AS, Saudi, poros Israel
Raja Abdullah II mengatakan pengumuman Trump soal Yerusalem akan memiliki “dampak berbahaya pada stabilitas dan keamanan kawasan ini”.
Ribuan pemrotes di Amman dan kota-kota Yordania lainnya mengecam AS dan Israel serta Arab Saudi – mereka menuding kerajaan Teluk telah berkolusi dalam keputusan Trump soal Yerusalem.
Pernyataan resmi Saudi menggambarkan langkah Trump sebagai “tidak dapat dibenarkan dan tidak bertanggung jawab”, dan “sebuah langkah besar kembali dalam upaya untuk memajukan proses perdamaian”.
Namun, menurut sebuah laporan kantor berita Reuters, Putra Mahkota Salman dikatakan bertindak atas nama penasehat senior Gedung Putih, Jared Kushner telah mempresentasikan pada Presiden Palestina Mahmoud Abbas skema rancangan Amerika untuk perdamaian di Timur Tengah.

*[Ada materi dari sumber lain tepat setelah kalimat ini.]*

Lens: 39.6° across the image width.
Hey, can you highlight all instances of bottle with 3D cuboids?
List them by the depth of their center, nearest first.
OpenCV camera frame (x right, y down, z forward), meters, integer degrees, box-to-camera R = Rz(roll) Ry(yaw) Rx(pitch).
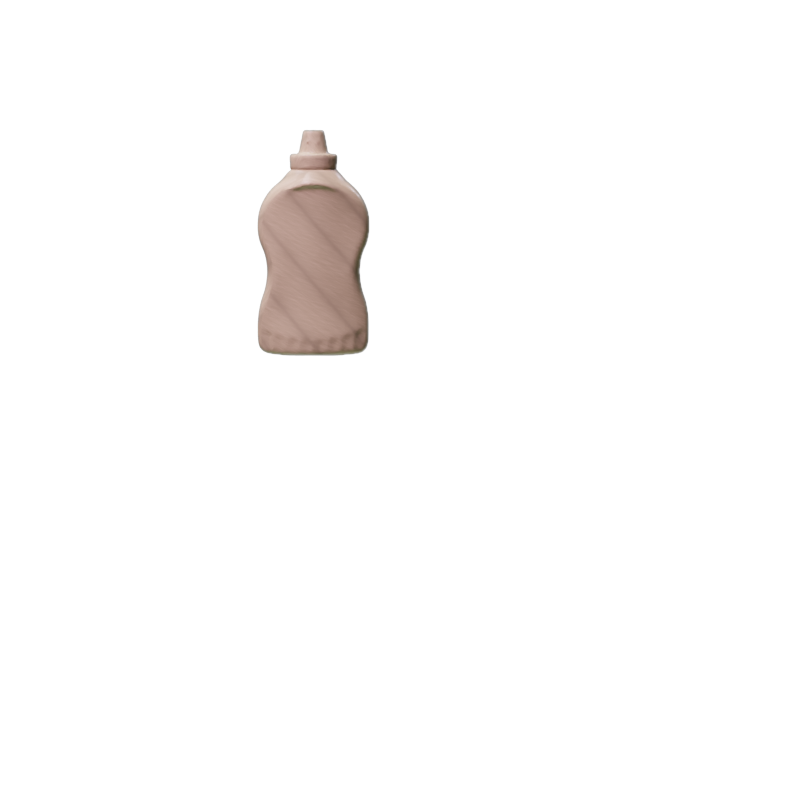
[{"bbox_3d":[-0.075,-0.137,0.958,0.096,0.189,0.059,0,6,1],"label":"bottle"}]
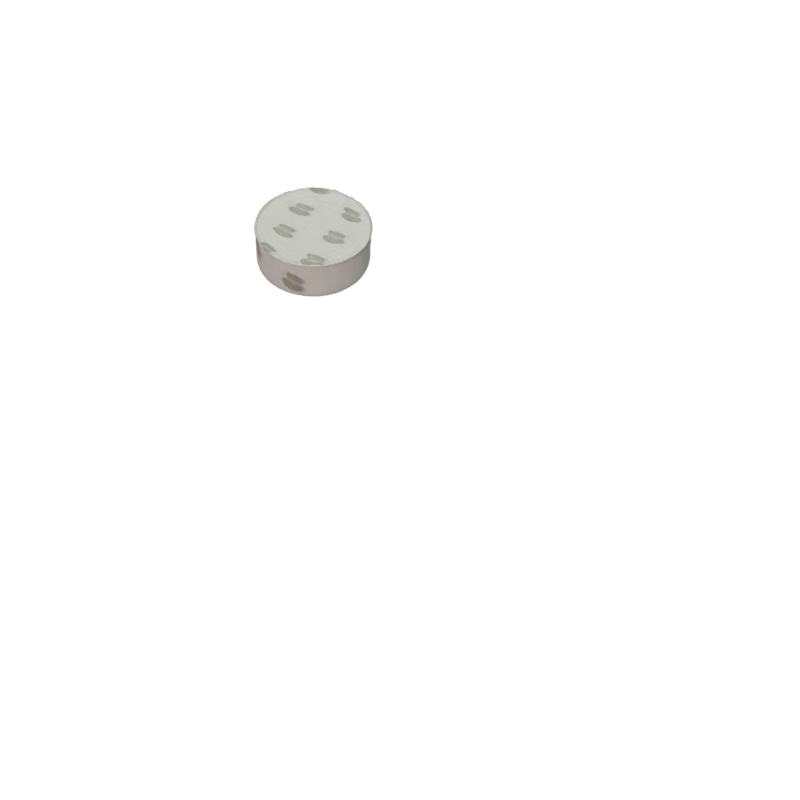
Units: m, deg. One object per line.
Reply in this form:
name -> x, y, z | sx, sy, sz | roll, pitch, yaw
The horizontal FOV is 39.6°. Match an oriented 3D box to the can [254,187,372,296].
can -> -0.064, -0.116, 0.812 | 0.086, 0.092, 0.031 | -1, -44, -1
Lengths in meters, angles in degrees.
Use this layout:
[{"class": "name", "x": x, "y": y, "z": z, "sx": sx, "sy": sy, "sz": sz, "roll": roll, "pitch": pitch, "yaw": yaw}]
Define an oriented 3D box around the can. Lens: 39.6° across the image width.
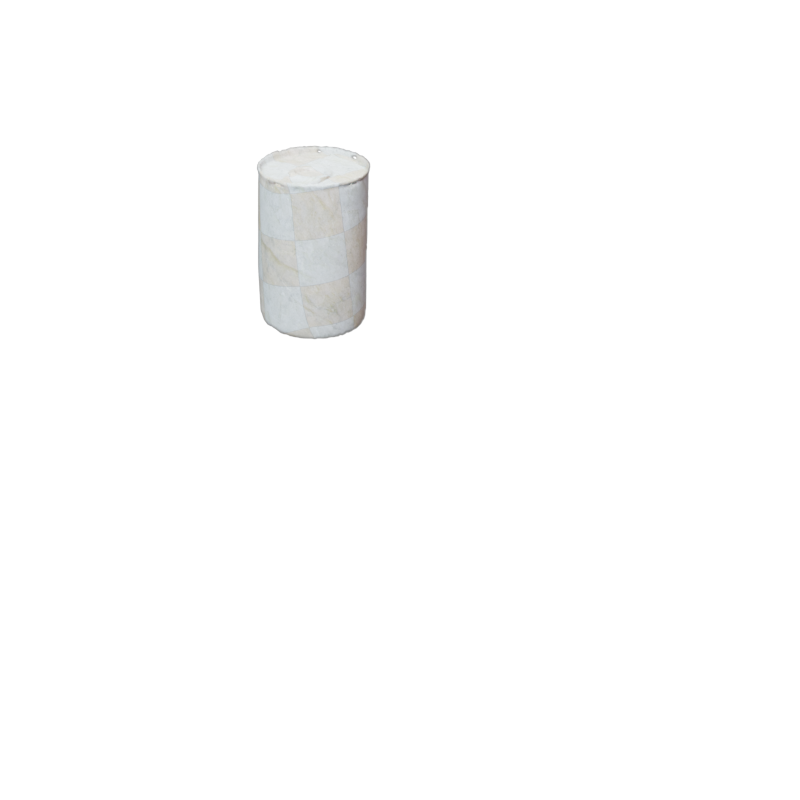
[{"class": "can", "x": -0.054, "y": -0.098, "z": 0.683, "sx": 0.068, "sy": 0.097, "sz": 0.072, "roll": 0, "pitch": 27, "yaw": -2}]

Skema AS tersebut dilaporkan mancakup pembentukan sebuah negara Palestina yang terdiri dari Jalur Gaza dan bagian-bagian yang terputus dari Tepi Barat yang diduduki – namun tanpa Yerusalem Timur sebagai ibukotanya, dan tanpa menyelesaikan hak pengembalian pengungsi Palestina yang mengungsi ketika Israel didirikan pada tahun 1948.
Al Jazeera berbicara kepada tiga pejabat yang dekat dengan pimpinan Otoritas Palestina yang memastikan bahwa Putra Mahkota bin Salman menekan Abbas untuk proposal tersebut.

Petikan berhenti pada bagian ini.